▸ Available data:
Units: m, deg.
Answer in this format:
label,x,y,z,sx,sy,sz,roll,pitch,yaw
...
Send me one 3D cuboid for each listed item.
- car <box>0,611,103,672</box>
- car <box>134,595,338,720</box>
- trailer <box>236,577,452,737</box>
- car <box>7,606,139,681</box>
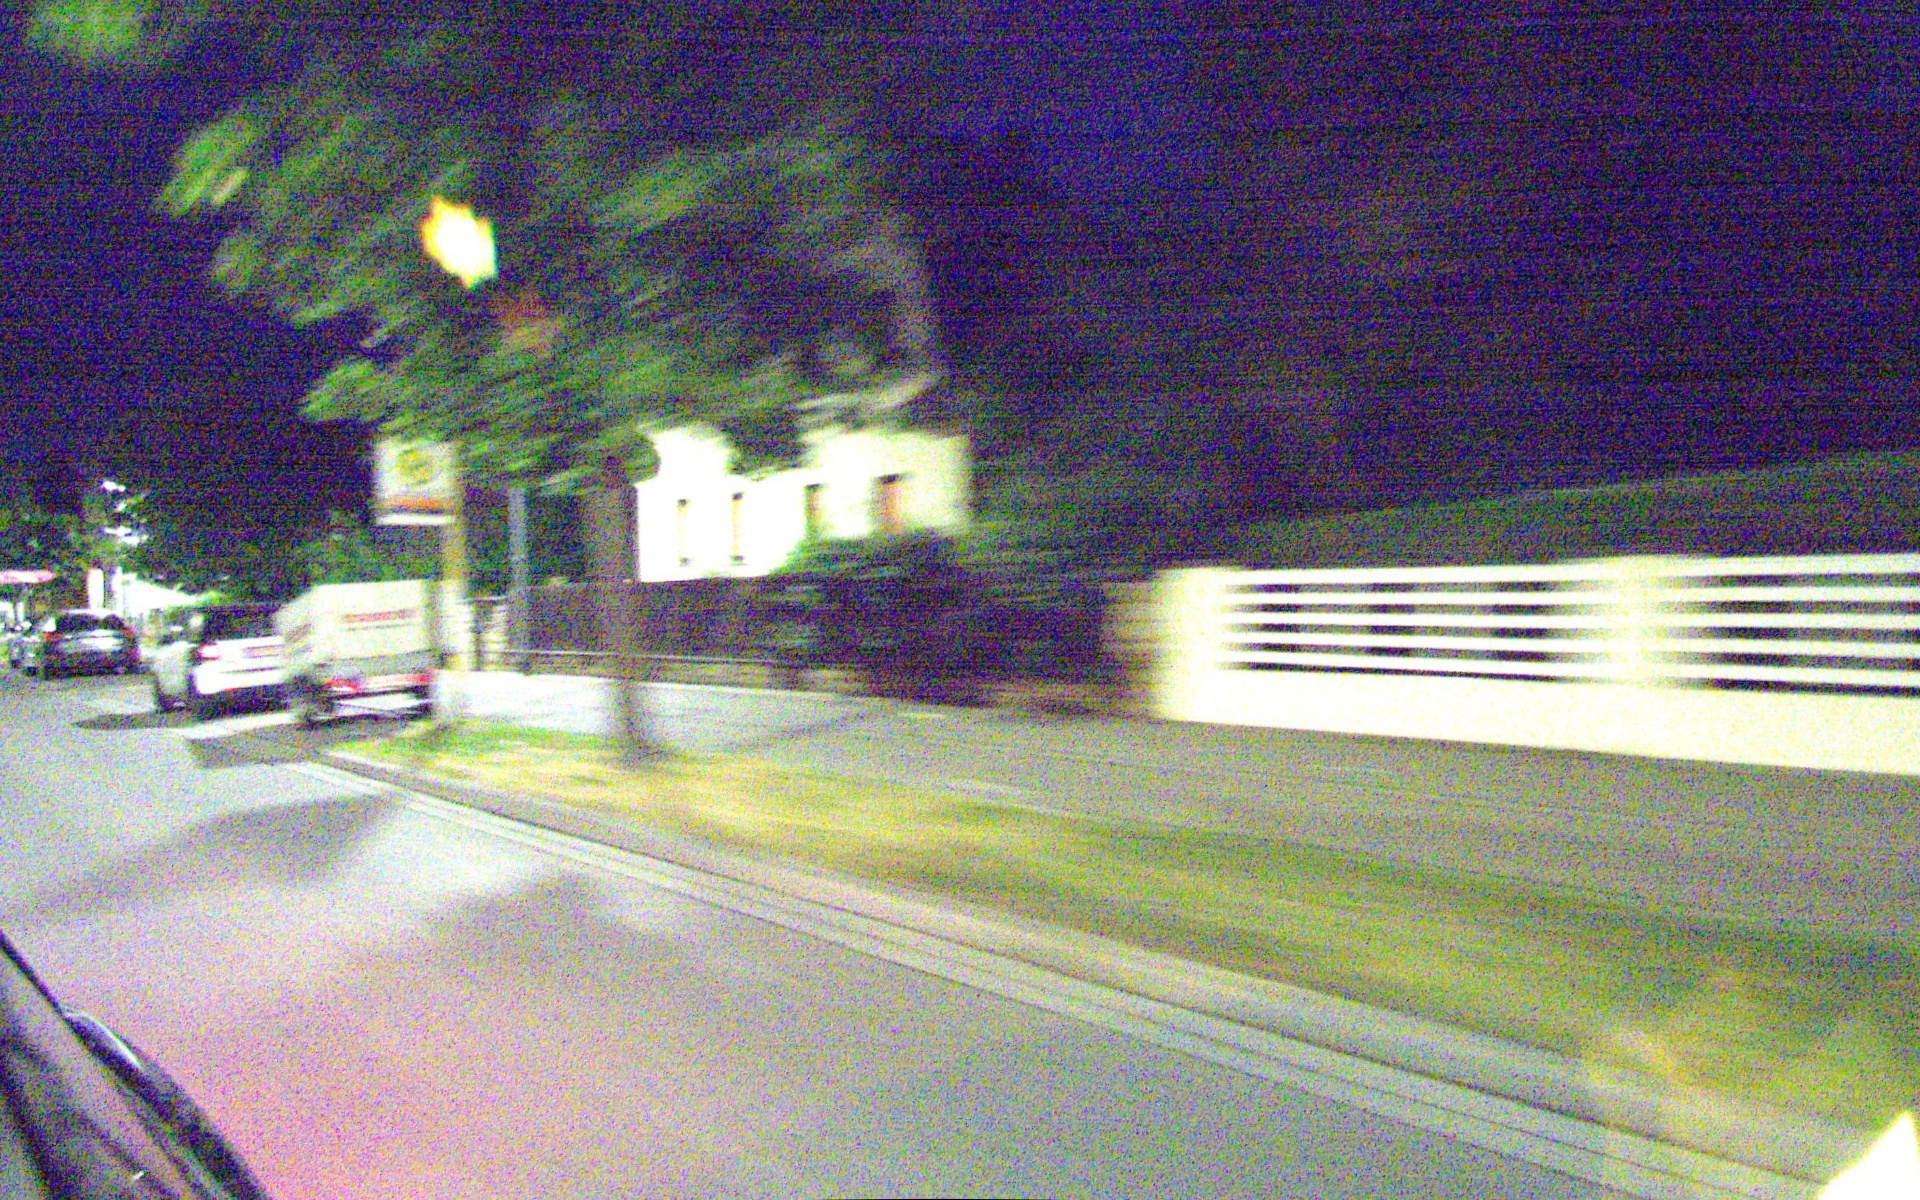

▸ Task directions: Write out again, exactly, each line from the one with "- car <box>0,611,103,672</box>" to the end of the entries. No pictures go in.

▸ Reply:
- car <box>0,611,103,672</box>
- car <box>134,595,338,720</box>
- trailer <box>236,577,452,737</box>
- car <box>7,606,139,681</box>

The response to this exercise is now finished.